* **Data shown**
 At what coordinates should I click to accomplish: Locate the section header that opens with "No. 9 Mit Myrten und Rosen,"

--

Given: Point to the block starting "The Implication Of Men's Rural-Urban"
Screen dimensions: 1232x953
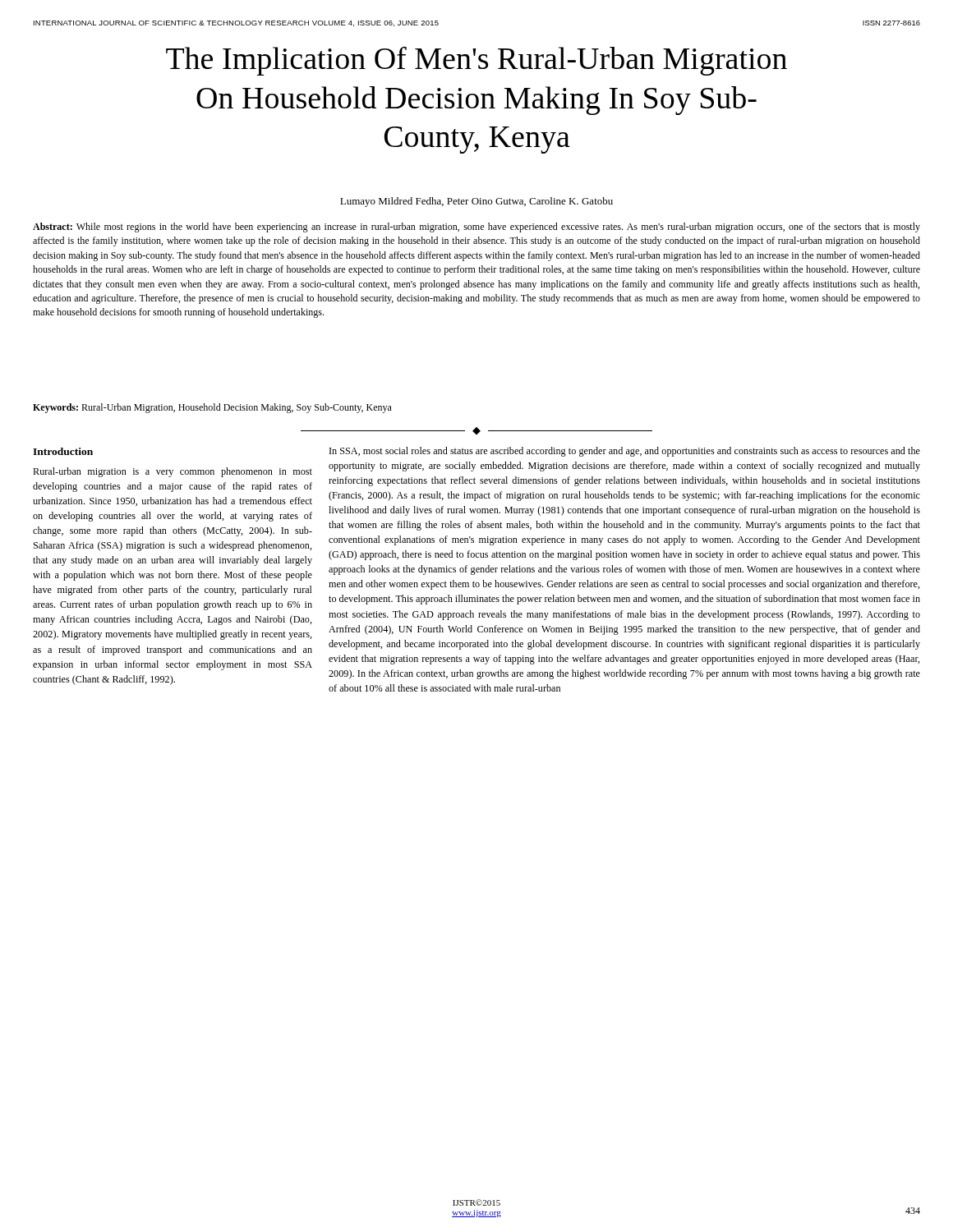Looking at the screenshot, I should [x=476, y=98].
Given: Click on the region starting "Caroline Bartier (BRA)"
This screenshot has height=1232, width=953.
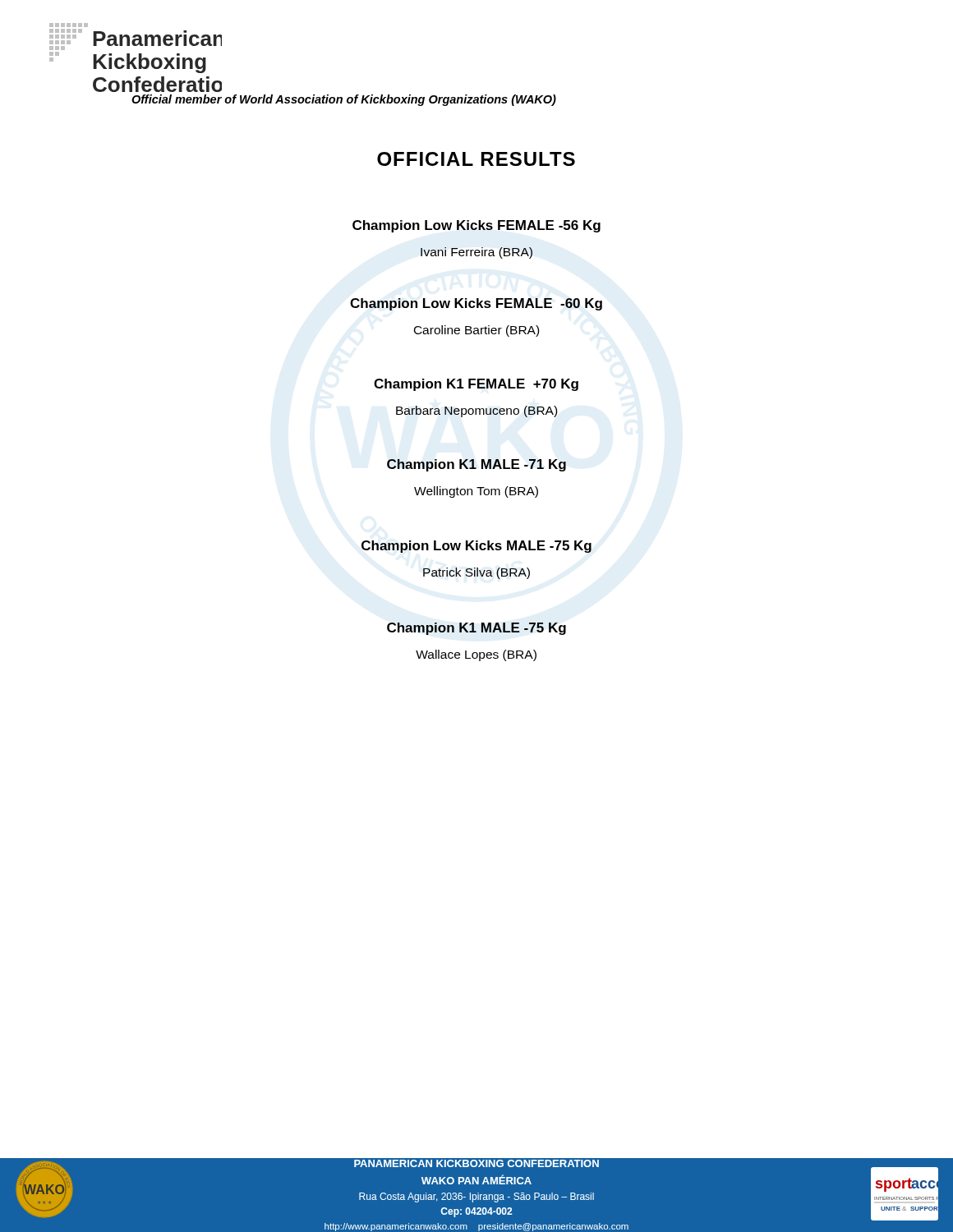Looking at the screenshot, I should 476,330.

* **What you are asked to do**
Those lines of the records that contain the string "Given" should be identified and copied.

* **Solved exercise**
Given: Point to the block starting "The Implication Of Men's Rural-Urban"
Given: Click on the region starting "Caroline Bartier (BRA)"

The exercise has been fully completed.